Another tent we found was for the Denver Museum of Nature and Science. It’s my favorite museum and I’ve been a member for decades. So we had to get this photo.
According to my iPhone, we walked 4.3 miles. That includes walking to the start of the parade, walking in the parade, wandering around the festival, and walking home from the end of the parade.
I met the famous fantasy painter Larry Elmore today. We were both waiting for the same late airport shuttle and then rode together on the bus. I got to talk to him for 30 or 45 minutes, about everything from cars to meth to air travel to retirement to the draft. He’s 70 and says he’s never retiring, because he wouldn’t know what to do other than paint.
https://en.wikipedia.org/wiki/Larry_Elmore
I thanked him for all the great art he’s made that has enhanced fantastic role playing games since the 70s.
A couple of the locals at the game convention said I need to check out Cowboy Chicken, a restaurant with really good rotisserie chicken. And I needed a walk and had a three hour gap in my schedule. So I walked here.
My order: “quarter white” with green beans, okra, and a glass of ice water. It’s pretty good. The place is a little more fast food-ish than I expected. And their use of Texas cowboy-ness in the decor is a little excessive (like a lot of things in Texas). But I like the food.
I’m in Irving, Texas for a small four-day gaming convention called North Texas RPG Con. I attended last year and it was fun enough I came back. The convention is at the Westin hotel by the Dallas-Fort Worth airport, so it’s easy and pretty cheap to get to.
I arrived early this afternoon and got in two games so far. One was Dungeon Crawl Classics RPG and the second was a tournament game of a DCCRPG variant called Umerica, which is mostly modeled on the TV show “Thundarr the Barbarian” and related fantasy and sci-fi shows of the 80s.
I got second place in that second game. Here is my medal and my award-winning character, named Diana Ross.
The back of the medal reads “2019 NTRPG TOURNAMENT – BLOOD BATH AT ALLSVIL”.
I thought "Fox on the Run" was by Cheap Trick, and just happened to sound a lot like ELO. But it’s actually by a band I’ve never heard of called Sweet.
This article came out over two years ago, and was very popular, but I didn’t actually read it until this week. It’s amazing and informative and I recommend it, especially if – like me – you are curious what evolutionary advantage humanity gained through confirmation bias (no other species has it, as far as we know). Or, if you’re someone who still thinks you can win political arguments using logic and reason.

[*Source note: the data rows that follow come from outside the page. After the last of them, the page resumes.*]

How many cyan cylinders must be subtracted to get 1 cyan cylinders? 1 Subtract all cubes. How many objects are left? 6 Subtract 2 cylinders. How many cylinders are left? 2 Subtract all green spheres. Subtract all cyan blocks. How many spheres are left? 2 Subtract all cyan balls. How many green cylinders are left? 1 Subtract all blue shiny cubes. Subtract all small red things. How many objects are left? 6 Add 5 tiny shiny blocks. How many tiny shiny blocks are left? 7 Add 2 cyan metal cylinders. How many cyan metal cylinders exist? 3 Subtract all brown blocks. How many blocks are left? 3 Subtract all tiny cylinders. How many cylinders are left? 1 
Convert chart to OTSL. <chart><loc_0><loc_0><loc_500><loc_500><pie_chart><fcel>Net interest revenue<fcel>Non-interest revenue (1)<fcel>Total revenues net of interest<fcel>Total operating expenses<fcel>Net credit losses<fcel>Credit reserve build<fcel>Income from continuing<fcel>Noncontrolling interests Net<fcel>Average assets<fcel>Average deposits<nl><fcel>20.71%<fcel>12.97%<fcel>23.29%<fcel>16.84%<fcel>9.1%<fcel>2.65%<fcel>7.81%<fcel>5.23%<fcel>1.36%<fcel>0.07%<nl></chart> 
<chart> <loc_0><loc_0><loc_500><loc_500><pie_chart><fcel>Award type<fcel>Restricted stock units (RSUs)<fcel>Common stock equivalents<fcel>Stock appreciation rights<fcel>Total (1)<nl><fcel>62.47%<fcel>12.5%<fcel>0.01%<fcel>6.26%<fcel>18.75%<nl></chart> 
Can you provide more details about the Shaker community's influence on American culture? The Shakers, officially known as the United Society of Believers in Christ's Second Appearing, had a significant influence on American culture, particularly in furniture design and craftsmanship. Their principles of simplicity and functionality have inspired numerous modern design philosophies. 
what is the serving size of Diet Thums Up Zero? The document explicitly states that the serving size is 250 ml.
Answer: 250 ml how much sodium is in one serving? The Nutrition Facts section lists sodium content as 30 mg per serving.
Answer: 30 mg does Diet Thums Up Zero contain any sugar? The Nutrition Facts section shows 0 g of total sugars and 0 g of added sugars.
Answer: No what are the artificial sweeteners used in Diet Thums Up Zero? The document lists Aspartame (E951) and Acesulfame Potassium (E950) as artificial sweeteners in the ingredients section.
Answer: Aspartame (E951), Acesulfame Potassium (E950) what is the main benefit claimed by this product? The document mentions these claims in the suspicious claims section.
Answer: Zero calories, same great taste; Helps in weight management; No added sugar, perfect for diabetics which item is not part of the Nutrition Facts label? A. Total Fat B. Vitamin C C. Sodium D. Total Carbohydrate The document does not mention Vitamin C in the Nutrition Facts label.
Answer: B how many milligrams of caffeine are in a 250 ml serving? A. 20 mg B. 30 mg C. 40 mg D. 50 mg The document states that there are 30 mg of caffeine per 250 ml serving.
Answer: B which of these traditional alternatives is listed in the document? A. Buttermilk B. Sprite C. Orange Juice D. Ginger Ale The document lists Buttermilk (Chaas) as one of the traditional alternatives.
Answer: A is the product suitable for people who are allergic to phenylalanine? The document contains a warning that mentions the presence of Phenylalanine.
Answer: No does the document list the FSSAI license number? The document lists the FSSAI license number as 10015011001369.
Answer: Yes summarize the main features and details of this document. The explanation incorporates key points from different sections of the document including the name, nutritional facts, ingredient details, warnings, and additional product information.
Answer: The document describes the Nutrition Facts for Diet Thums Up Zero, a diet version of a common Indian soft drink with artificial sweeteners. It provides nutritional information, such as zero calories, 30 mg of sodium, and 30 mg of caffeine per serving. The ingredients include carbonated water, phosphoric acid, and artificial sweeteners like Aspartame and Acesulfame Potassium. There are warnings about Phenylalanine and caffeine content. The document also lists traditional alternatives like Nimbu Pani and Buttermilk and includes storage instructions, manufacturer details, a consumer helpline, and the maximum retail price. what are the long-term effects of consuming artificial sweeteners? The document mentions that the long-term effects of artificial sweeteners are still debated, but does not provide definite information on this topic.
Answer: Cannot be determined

https://www.newyorker.com/magazine/2017/02/27/why-facts-dont-change-our-minds
A couple of my favorite parts of the article:
“As a rule, strong feelings about issues do not emerge from deep understanding,” Sloman and Fernbach write. And here our dependence on other minds reinforces the problem. If your position on, say, the Affordable Care Act is baseless and I rely on it, then my opinion is also baseless. When I talk to Tom and he decides he agrees with me, his opinion is also baseless, but now that the three of us concur we feel that much more smug about our views.
And…
The Gormans, too, argue that ways of thinking that now seem self-destructive must at some point have been adaptive. And they, too, dedicate many pages to confirmation bias, which, they claim, has a physiological component. They cite research suggesting that people experience genuine pleasure—a rush of dopamine—when processing information that supports their beliefs. “It feels good to ‘stick to our guns’ even if we are wrong,” they observe.